Collected data entries

◆ ◆ ◆ ◆

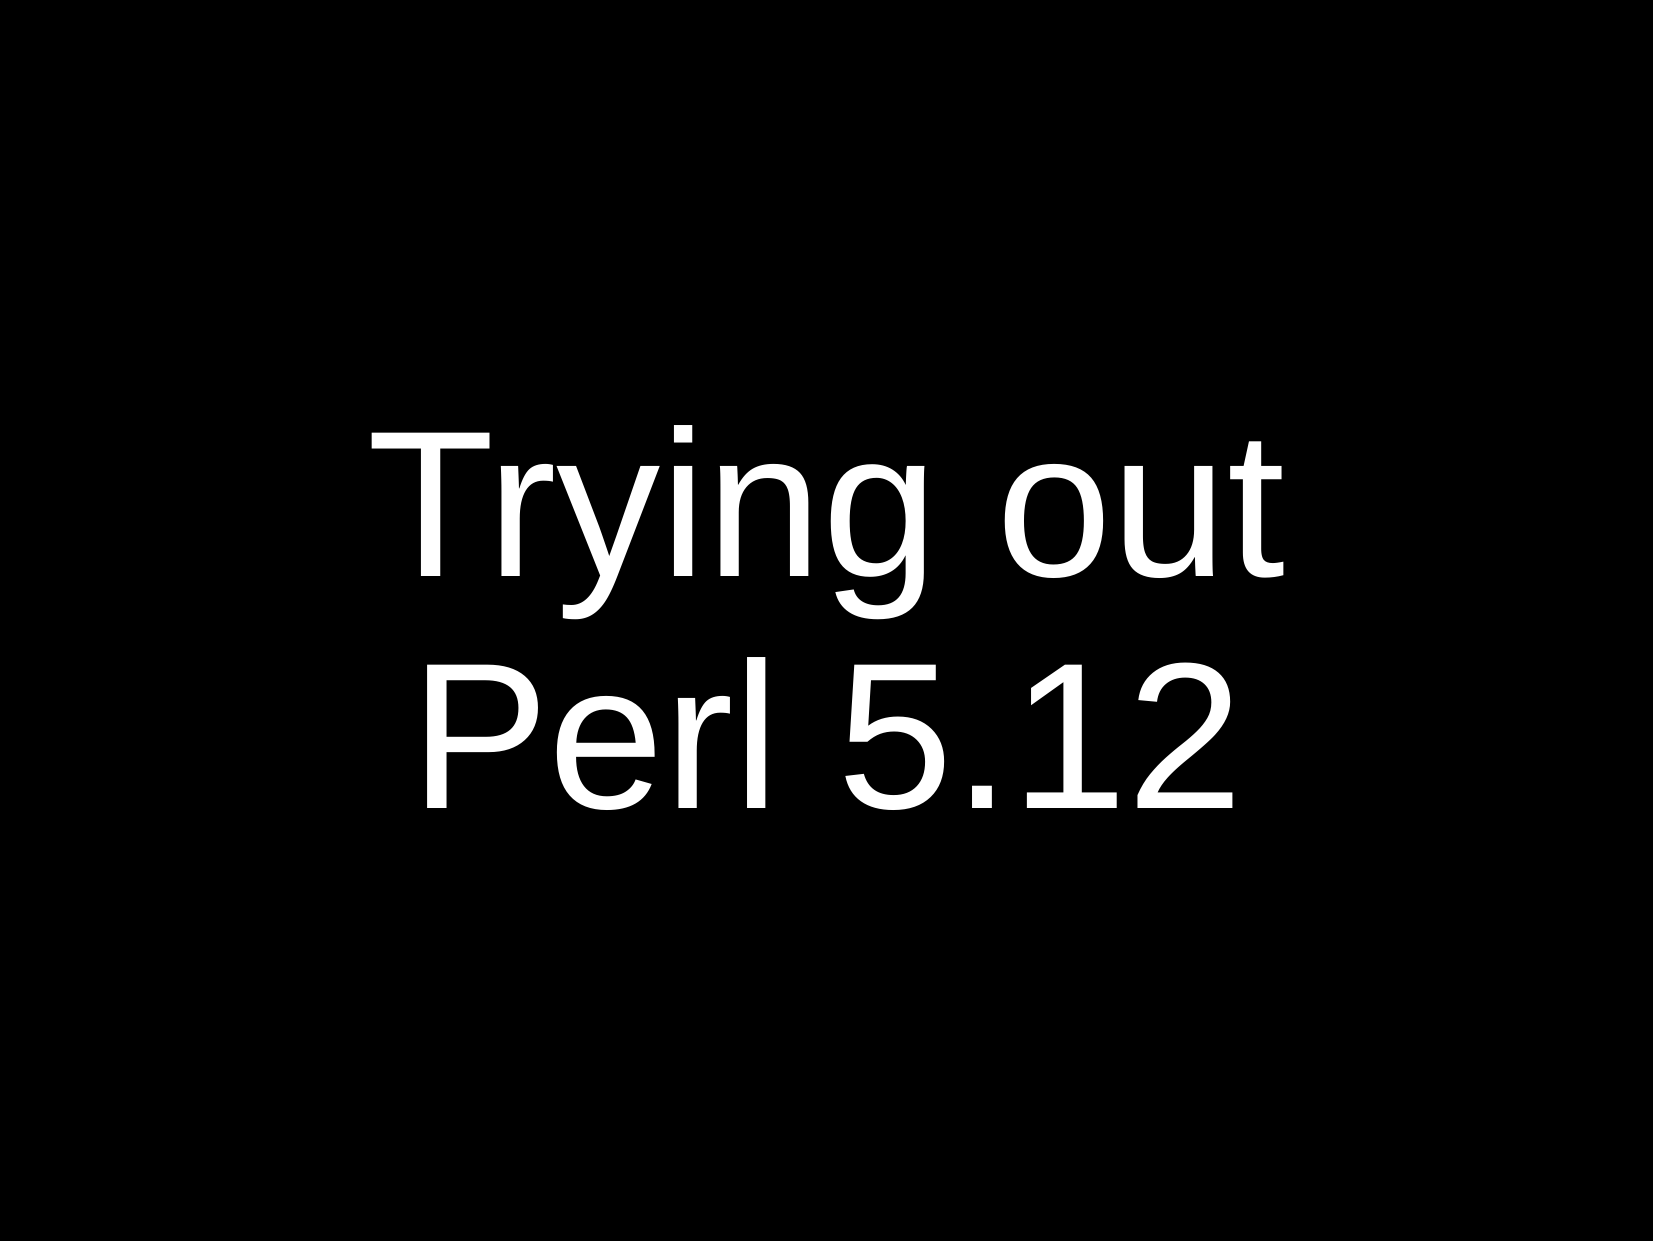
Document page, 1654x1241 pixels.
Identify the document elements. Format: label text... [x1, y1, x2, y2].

title Trying out Perl 5.12 [82, 101, 1571, 1140]
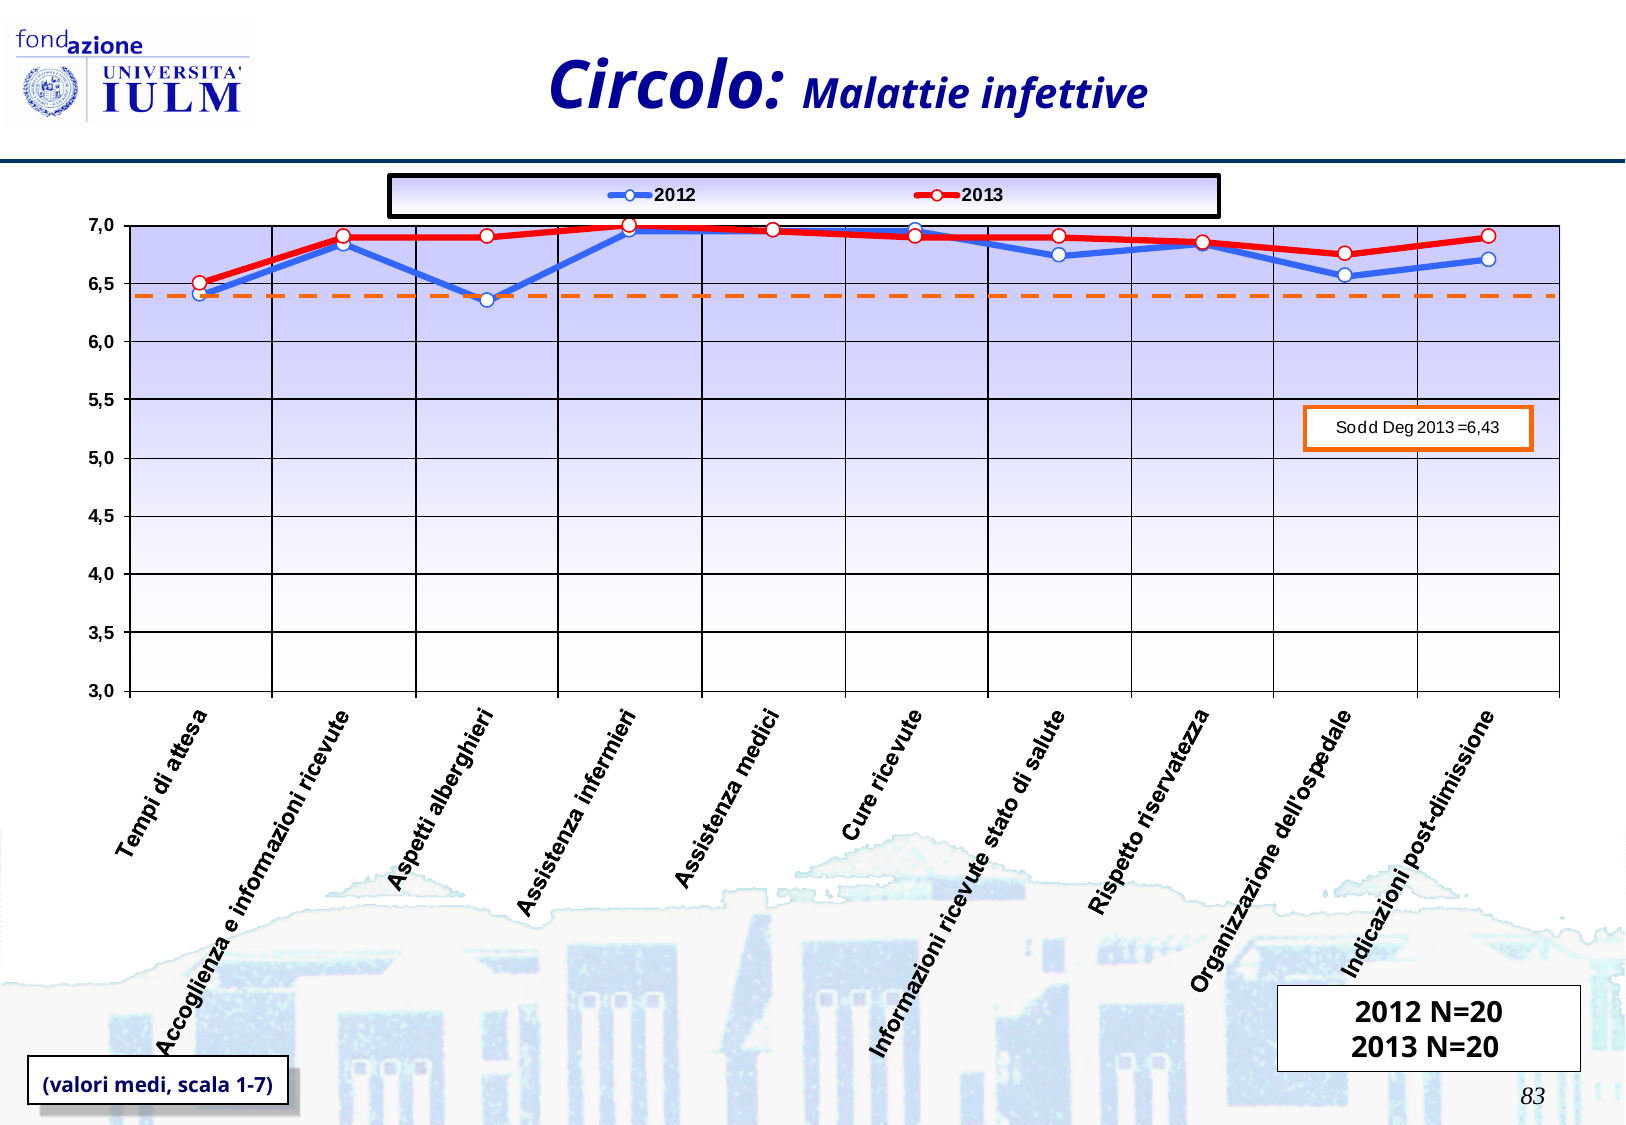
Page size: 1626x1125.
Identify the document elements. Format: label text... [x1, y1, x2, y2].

picture [46, 162, 1564, 1108]
picture [5, 19, 256, 127]
text_box Circolo: Malattie infettive [304, 18, 1392, 144]
text_box (valori medi, scala 1-7) [27, 1056, 288, 1105]
text_box 2012 N=20 2013 N=20 [1277, 985, 1581, 1072]

◆ ◆ ◆ ◆

• _PROBLEM REQUIREMENTS_
All lines from the line holding "Page size: 1626x1125." through the end of the records above need to be transcribed exactly, and no other text should appear.

• _REPLY TO THE EXERCISE_
Page size: 1626x1125.
Identify the document elements. Format: label text... [x1, y1, x2, y2].

picture [46, 162, 1564, 1108]
picture [5, 19, 256, 127]
text_box Circolo: Malattie infettive [304, 18, 1392, 144]
text_box (valori medi, scala 1-7) [27, 1056, 288, 1105]
text_box 2012 N=20 2013 N=20 [1277, 985, 1581, 1072]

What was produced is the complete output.